We’re creating a new language, incrementally, that will not be anything like what Haskell was, if it succeeds. Maybe that’s good, maybe it’s not. That will depend on the users of the language. Who will buy into it? How will they use it?

No, that is what we’ve been doing the past 10-20 years. The current hodge-podge of features vaguely gesticulating in a Dependent Haskell direction. The direction of gesticulating is not the problem. The hodge-podge doing the vague gesticulating is.

This has never been done before in a mainstream language, has it? Yes, I consider Haskell mainstream.

C++11 made a lot of new stuff. The ickiness vs something like Rust was that there was no stomach for getting rid of bad old stuff. We thankfully don’t need to get rid of anything!
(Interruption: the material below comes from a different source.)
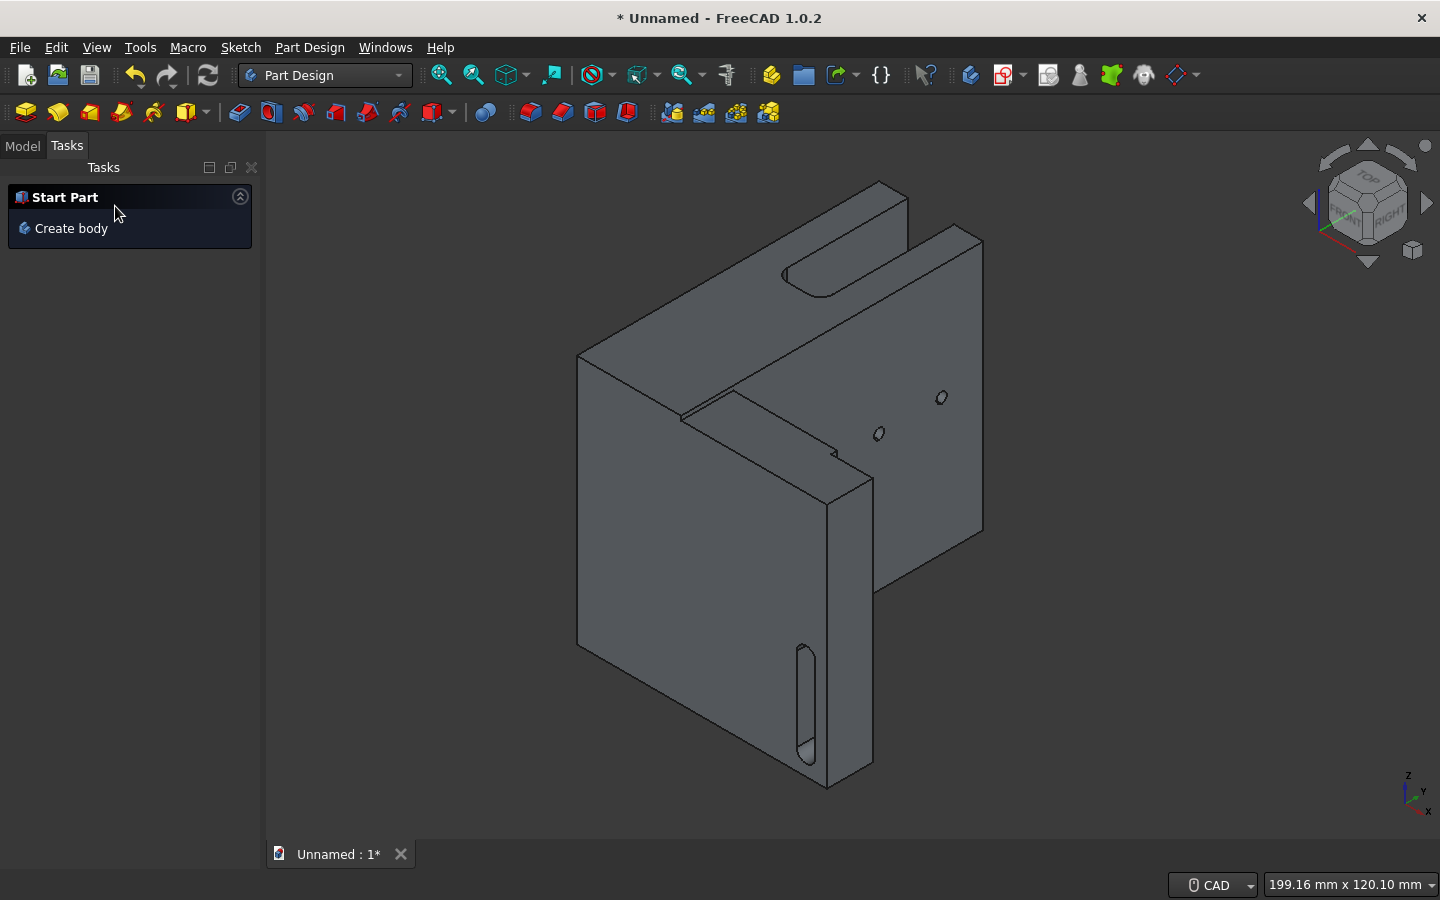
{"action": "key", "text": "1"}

Certainly not in Haskell 2010. I would advocate getting rid of type families, but this is purely optional; we can support them along-side the better alternative indefinitely.

Many Haskellers can barely keep up with all the tools that we already have, see Stephen Diehl’s great compilation.

That’s because we have the hodge-podge. Once we unify the current mess into Dependent Haskell, it will make more sense not less!

Dependent types being entirely opt-in would solve this issue. But again: a language pragma is not opt-in. I’m not saying I know what’s best, I’m just raising these concerns.

On a technical level it sure is opt-in. You mean on a social level? Sure, but we already have that problem today with the hodge-podge. If we have that problem regardless, I don’t see this as an argument not clean things up.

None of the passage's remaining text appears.